◆ EXERCISE PROMPT: The answer is the full set of records, given again exactly and without images.

==*==

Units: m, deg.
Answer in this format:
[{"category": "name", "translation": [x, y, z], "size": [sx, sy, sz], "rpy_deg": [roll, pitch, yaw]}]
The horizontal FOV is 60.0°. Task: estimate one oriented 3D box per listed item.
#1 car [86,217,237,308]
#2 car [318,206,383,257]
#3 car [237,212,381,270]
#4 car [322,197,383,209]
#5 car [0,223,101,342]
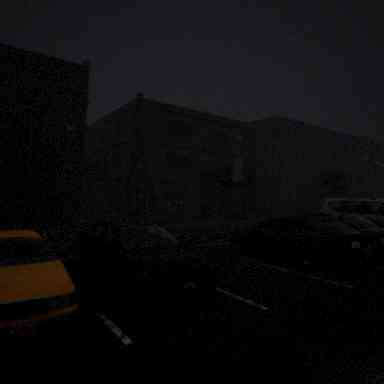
[{"category": "car", "translation": [-1.379, 1.459, 8.278], "size": [2.097, 1.535, 5.008], "rpy_deg": [0, 0, -32]}, {"category": "car", "translation": [5.714, 1.517, 12.789], "size": [2.231, 1.521, 4.892], "rpy_deg": [1, 0, -32]}, {"category": "car", "translation": [3.340, 1.525, 11.308], "size": [2.163, 1.488, 4.792], "rpy_deg": [0, 0, -32]}, {"category": "car", "translation": [8.102, 1.288, 14.268], "size": [2.435, 2.045, 5.566], "rpy_deg": [1, 0, -32]}, {"category": "car", "translation": [-3.639, 1.442, 6.615], "size": [1.946, 1.575, 5.366], "rpy_deg": [0, 0, -32]}]
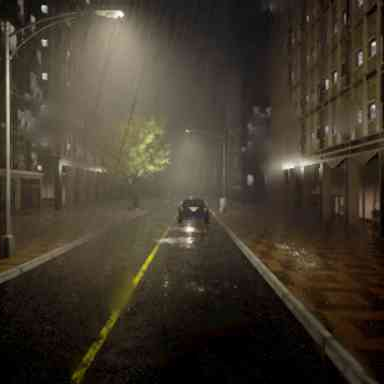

==*==

◆ YOUR SOLUTION:
Units: m, deg.
Answer in this format:
[{"category": "name", "translation": [x, y, z], "size": [sx, sy, sz], "rpy_deg": [roll, pitch, yaw]}]
The horizontal FOV is 60.0°. Task: estimate one oriented 3D box per listed item.
#1 car [86,217,237,308]
#2 car [318,206,383,257]
#3 car [237,212,381,270]
#4 car [322,197,383,209]
#5 car [0,223,101,342]
[{"category": "car", "translation": [-1.379, 1.459, 8.278], "size": [2.097, 1.535, 5.008], "rpy_deg": [0, 0, -32]}, {"category": "car", "translation": [5.714, 1.517, 12.789], "size": [2.231, 1.521, 4.892], "rpy_deg": [1, 0, -32]}, {"category": "car", "translation": [3.340, 1.525, 11.308], "size": [2.163, 1.488, 4.792], "rpy_deg": [0, 0, -32]}, {"category": "car", "translation": [8.102, 1.288, 14.268], "size": [2.435, 2.045, 5.566], "rpy_deg": [1, 0, -32]}, {"category": "car", "translation": [-3.639, 1.442, 6.615], "size": [1.946, 1.575, 5.366], "rpy_deg": [0, 0, -32]}]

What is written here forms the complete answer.